──────── DATA PROVIDED ────────

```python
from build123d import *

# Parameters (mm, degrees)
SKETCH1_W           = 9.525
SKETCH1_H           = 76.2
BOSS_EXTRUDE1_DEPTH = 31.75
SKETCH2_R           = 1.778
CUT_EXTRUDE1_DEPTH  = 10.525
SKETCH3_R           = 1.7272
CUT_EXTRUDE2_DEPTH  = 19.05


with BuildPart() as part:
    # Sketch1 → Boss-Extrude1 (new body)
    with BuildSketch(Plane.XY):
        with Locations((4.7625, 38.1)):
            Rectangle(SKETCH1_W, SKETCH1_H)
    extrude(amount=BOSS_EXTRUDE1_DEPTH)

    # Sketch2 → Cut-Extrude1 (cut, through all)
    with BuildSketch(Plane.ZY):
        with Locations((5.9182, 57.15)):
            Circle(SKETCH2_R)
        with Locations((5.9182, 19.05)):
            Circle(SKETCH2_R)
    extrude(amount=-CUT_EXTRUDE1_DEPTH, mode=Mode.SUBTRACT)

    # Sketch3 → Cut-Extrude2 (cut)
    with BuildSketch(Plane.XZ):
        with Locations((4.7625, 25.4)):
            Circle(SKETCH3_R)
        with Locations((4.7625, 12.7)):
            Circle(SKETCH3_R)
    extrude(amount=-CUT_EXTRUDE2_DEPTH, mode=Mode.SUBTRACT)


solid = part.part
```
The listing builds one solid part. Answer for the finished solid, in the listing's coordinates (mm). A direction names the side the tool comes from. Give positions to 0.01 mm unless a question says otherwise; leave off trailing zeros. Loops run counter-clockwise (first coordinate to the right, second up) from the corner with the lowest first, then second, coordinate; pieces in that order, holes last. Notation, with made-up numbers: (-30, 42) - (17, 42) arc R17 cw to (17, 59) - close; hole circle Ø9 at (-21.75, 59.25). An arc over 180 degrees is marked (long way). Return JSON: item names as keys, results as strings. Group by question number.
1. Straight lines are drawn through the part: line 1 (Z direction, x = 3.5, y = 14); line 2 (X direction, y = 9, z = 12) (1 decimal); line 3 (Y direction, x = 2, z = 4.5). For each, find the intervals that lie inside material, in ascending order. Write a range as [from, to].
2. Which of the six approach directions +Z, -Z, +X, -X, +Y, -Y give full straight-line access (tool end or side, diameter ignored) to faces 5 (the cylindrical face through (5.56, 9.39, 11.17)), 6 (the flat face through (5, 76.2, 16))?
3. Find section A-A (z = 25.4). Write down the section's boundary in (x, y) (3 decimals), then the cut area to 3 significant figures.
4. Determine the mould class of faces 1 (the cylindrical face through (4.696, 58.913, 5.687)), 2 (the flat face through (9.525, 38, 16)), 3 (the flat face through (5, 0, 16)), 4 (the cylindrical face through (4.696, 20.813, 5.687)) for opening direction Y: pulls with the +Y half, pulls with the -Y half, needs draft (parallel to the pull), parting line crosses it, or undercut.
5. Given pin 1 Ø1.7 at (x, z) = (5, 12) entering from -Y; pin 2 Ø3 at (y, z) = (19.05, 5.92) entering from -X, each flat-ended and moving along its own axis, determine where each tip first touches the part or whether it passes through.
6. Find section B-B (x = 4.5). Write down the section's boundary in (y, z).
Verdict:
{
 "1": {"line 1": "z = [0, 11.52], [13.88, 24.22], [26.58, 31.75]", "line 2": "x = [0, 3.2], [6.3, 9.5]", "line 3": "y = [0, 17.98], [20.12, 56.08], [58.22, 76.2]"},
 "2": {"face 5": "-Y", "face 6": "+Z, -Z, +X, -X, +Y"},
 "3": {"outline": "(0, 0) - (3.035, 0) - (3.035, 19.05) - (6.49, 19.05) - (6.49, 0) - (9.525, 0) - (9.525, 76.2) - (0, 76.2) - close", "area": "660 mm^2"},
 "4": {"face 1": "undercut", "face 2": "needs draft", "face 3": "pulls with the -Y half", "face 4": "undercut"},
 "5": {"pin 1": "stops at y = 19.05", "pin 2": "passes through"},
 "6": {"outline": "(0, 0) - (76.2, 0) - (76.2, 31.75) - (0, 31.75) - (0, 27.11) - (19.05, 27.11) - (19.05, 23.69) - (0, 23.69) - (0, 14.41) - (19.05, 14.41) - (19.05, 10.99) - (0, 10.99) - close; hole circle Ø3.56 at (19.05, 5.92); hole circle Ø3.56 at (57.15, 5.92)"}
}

────────

EXERCISE DIRECTIONS — Please repeat the data in full so that nothing differs from the original.

SOLUTION FOR THIS TASK —
```python
from build123d import *

# Parameters (mm, degrees)
SKETCH1_W           = 9.525
SKETCH1_H           = 76.2
BOSS_EXTRUDE1_DEPTH = 31.75
SKETCH2_R           = 1.778
CUT_EXTRUDE1_DEPTH  = 10.525
SKETCH3_R           = 1.7272
CUT_EXTRUDE2_DEPTH  = 19.05


with BuildPart() as part:
    # Sketch1 → Boss-Extrude1 (new body)
    with BuildSketch(Plane.XY):
        with Locations((4.7625, 38.1)):
            Rectangle(SKETCH1_W, SKETCH1_H)
    extrude(amount=BOSS_EXTRUDE1_DEPTH)

    # Sketch2 → Cut-Extrude1 (cut, through all)
    with BuildSketch(Plane.ZY):
        with Locations((5.9182, 57.15)):
            Circle(SKETCH2_R)
        with Locations((5.9182, 19.05)):
            Circle(SKETCH2_R)
    extrude(amount=-CUT_EXTRUDE1_DEPTH, mode=Mode.SUBTRACT)

    # Sketch3 → Cut-Extrude2 (cut)
    with BuildSketch(Plane.XZ):
        with Locations((4.7625, 25.4)):
            Circle(SKETCH3_R)
        with Locations((4.7625, 12.7)):
            Circle(SKETCH3_R)
    extrude(amount=-CUT_EXTRUDE2_DEPTH, mode=Mode.SUBTRACT)


solid = part.part
```
The listing builds one solid part. Answer for the finished solid, in the listing's coordinates (mm). A direction names the side the tool comes from. Give positions to 0.01 mm unless a question says otherwise; leave off trailing zeros. Loops run counter-clockwise (first coordinate to the right, second up) from the corner with the lowest first, then second, coordinate; pieces in that order, holes last. Notation, with made-up numbers: (-30, 42) - (17, 42) arc R17 cw to (17, 59) - close; hole circle Ø9 at (-21.75, 59.25). An arc over 180 degrees is marked (long way). Return JSON: item names as keys, results as strings. Group by question number.
1. Straight lines are drawn through the part: line 1 (Z direction, x = 3.5, y = 14); line 2 (X direction, y = 9, z = 12) (1 decimal); line 3 (Y direction, x = 2, z = 4.5). For each, find the intervals that lie inside material, in ascending order. Write a range as [from, to].
2. Which of the six approach directions +Z, -Z, +X, -X, +Y, -Y give full straight-line access (tool end or side, diameter ignored) to faces 5 (the cylindrical face through (5.56, 9.39, 11.17)), 6 (the flat face through (5, 76.2, 16))?
3. Find section A-A (z = 25.4). Write down the section's boundary in (x, y) (3 decimals), then the cut area to 3 significant figures.
4. Determine the mould class of faces 1 (the cylindrical face through (4.696, 58.913, 5.687)), 2 (the flat face through (9.525, 38, 16)), 3 (the flat face through (5, 0, 16)), 4 (the cylindrical face through (4.696, 20.813, 5.687)) for opening direction Y: pulls with the +Y half, pulls with the -Y half, needs draft (parallel to the pull), parting line crosses it, or undercut.
5. Given pin 1 Ø1.7 at (x, z) = (5, 12) entering from -Y; pin 2 Ø3 at (y, z) = (19.05, 5.92) entering from -X, each flat-ended and moving along its own axis, determine where each tip first touches the part or whether it passes through.
6. Find section B-B (x = 4.5). Write down the section's boundary in (y, z).
Verdict:
{
 "1": {"line 1": "z = [0, 11.52], [13.88, 24.22], [26.58, 31.75]", "line 2": "x = [0, 3.2], [6.3, 9.5]", "line 3": "y = [0, 17.98], [20.12, 56.08], [58.22, 76.2]"},
 "2": {"face 5": "-Y", "face 6": "+Z, -Z, +X, -X, +Y"},
 "3": {"outline": "(0, 0) - (3.035, 0) - (3.035, 19.05) - (6.49, 19.05) - (6.49, 0) - (9.525, 0) - (9.525, 76.2) - (0, 76.2) - close", "area": "660 mm^2"},
 "4": {"face 1": "undercut", "face 2": "needs draft", "face 3": "pulls with the -Y half", "face 4": "undercut"},
 "5": {"pin 1": "stops at y = 19.05", "pin 2": "passes through"},
 "6": {"outline": "(0, 0) - (76.2, 0) - (76.2, 31.75) - (0, 31.75) - (0, 27.11) - (19.05, 27.11) - (19.05, 23.69) - (0, 23.69) - (0, 14.41) - (19.05, 14.41) - (19.05, 10.99) - (0, 10.99) - close; hole circle Ø3.56 at (19.05, 5.92); hole circle Ø3.56 at (57.15, 5.92)"}
}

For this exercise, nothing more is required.